NYP- Brooklyn Methodist Hospital Brooklyn, United States
Background: Severe hypercalcemia due to primary hyperparathyroidism is typically responsive to medical therapy; however, refractory cases with life-threatening complications are rare.
Case Presentation: A 51-year-old female with chronic pancreatitis and hepatic steatosis presented with altered mental status and severe hypercalcemia (serum calcium ~20 mg/dL). Laboratory evaluation demonstrated elevated parathyroid hormone levels consistent with primary hyperparathyroidism. Despite aggressive treatment with intravenous fluids, calcitonin, pamidronate, zoledronic acid, and denosumab, hypercalcemia remained refractory, necessitating urgent parathyroidectomy. Pathology confirmed parathyroid adenoma. Her course was complicated by necrotizing pancreatitis with large fluid collections requiring interventional radiology drainage, endoscopic intervention, and surgical management.

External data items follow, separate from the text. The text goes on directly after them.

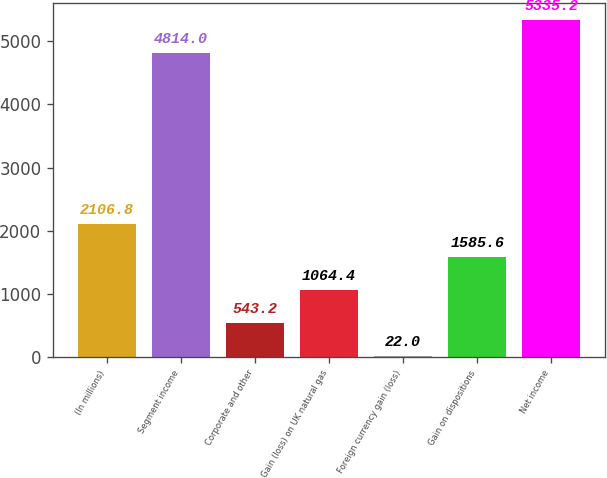<chart> <loc_0><loc_0><loc_500><loc_500><bar_chart><fcel>(In millions)<fcel>Segment income<fcel>Corporate and other<fcel>Gain (loss) on UK natural gas<fcel>Foreign currency gain (loss)<fcel>Gain on dispositions<fcel>Net income<nl><fcel>2106.8<fcel>4814<fcel>543.2<fcel>1064.4<fcel>22<fcel>1585.6<fcel>5335.2<nl></chart> 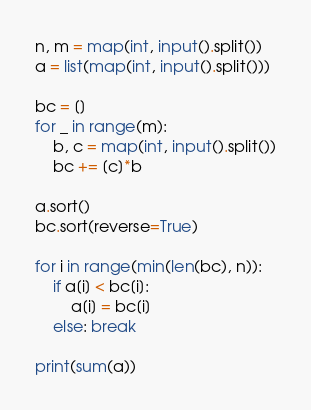<code> <loc_0><loc_0><loc_500><loc_500><_Python_>n, m = map(int, input().split())
a = list(map(int, input().split()))

bc = []
for _ in range(m):
    b, c = map(int, input().split())
    bc += [c]*b

a.sort()
bc.sort(reverse=True)

for i in range(min(len(bc), n)):
    if a[i] < bc[i]:
        a[i] = bc[i]
    else: break

print(sum(a))
</code> 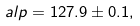Convert formula to latex. <formula><loc_0><loc_0><loc_500><loc_500>\ a l p = 1 2 7 . 9 \pm 0 . 1 ,</formula> 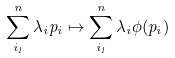<formula> <loc_0><loc_0><loc_500><loc_500>\sum _ { i _ { 1 } } ^ { n } \lambda _ { i } p _ { i } \mapsto \sum _ { i _ { 1 } } ^ { n } \lambda _ { i } \phi ( p _ { i } )</formula> 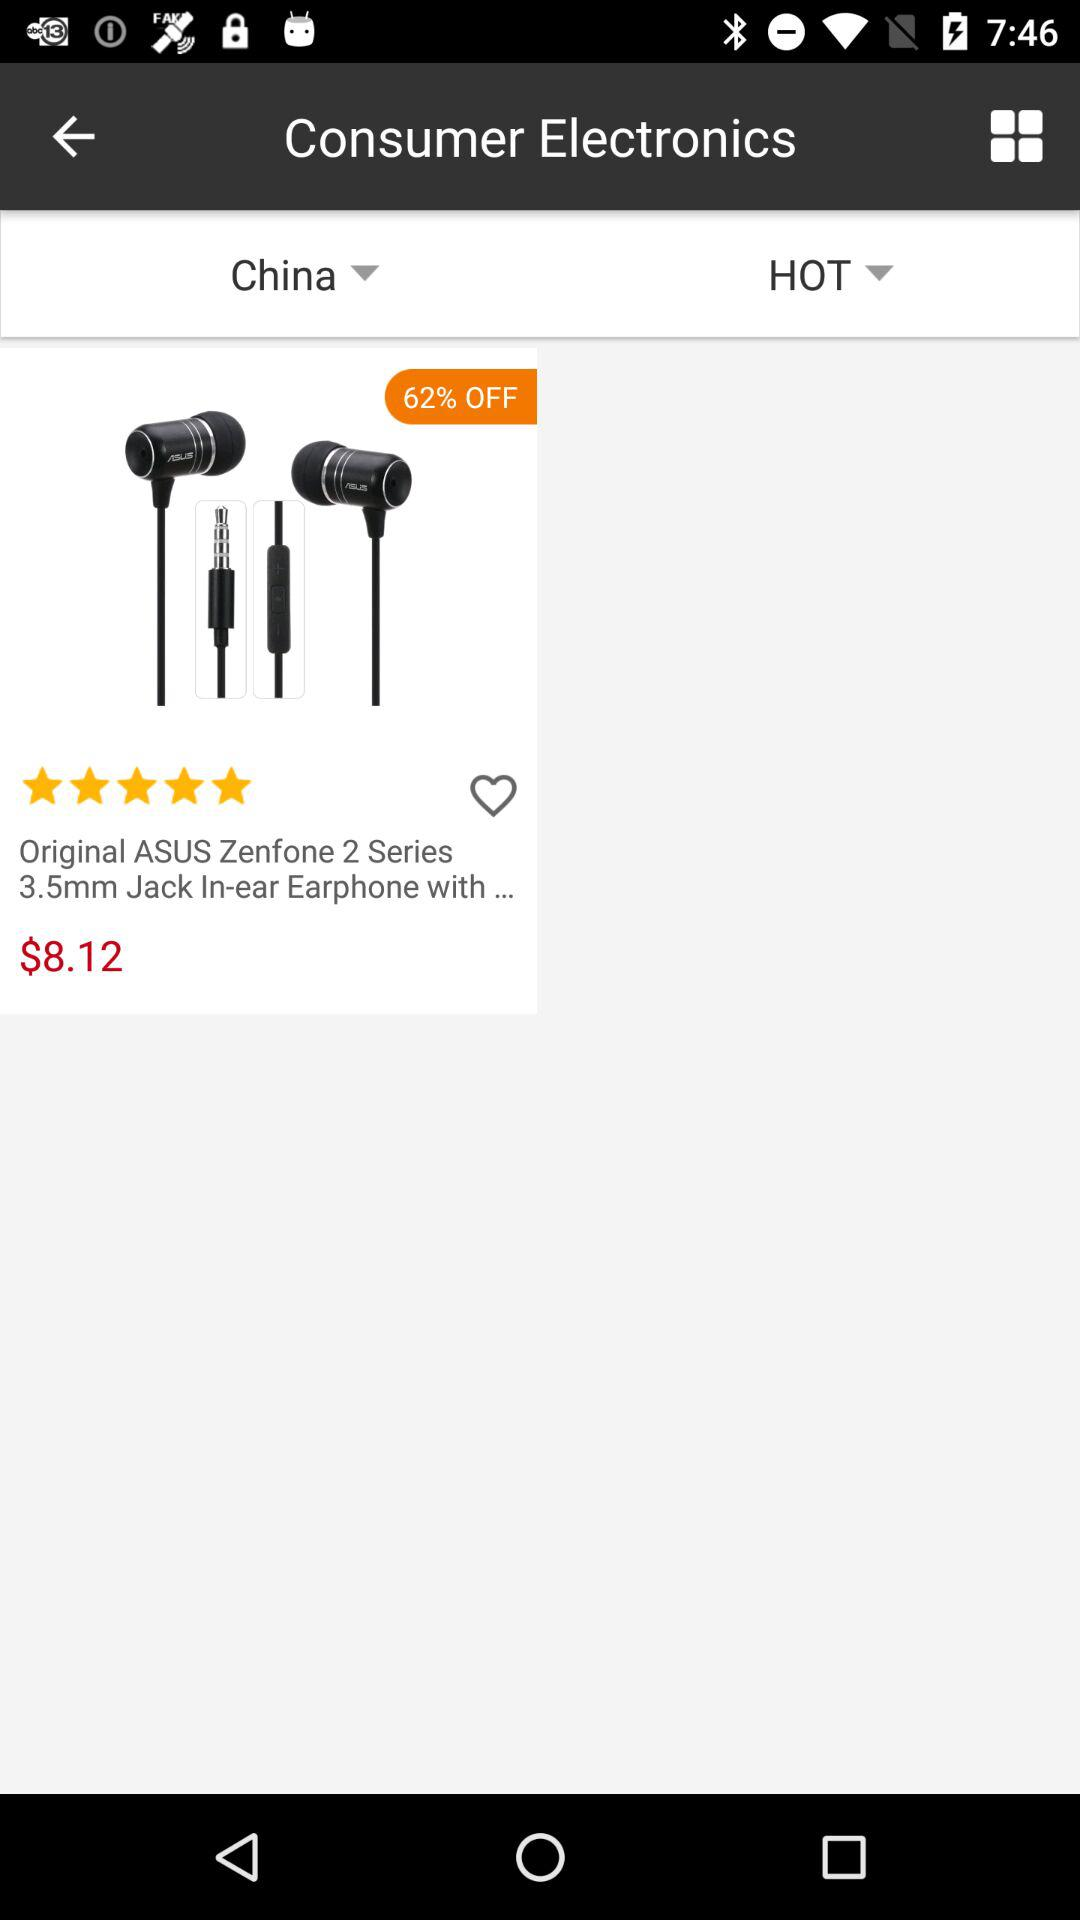Which countries are available in the drop-down menu?
When the provided information is insufficient, respond with <no answer>. <no answer>

Postoperatively, she developed hungry bone syndrome requiring calcium and vitamin D repletion, with subsequent improvement.
Conclusion: This case highlights severe, treatment-refractory hypercalcemia due to primary hyperparathyroidism requiring urgent surgical intervention and underscores the association between marked hypercalcemia and necrotizing pancreatitis.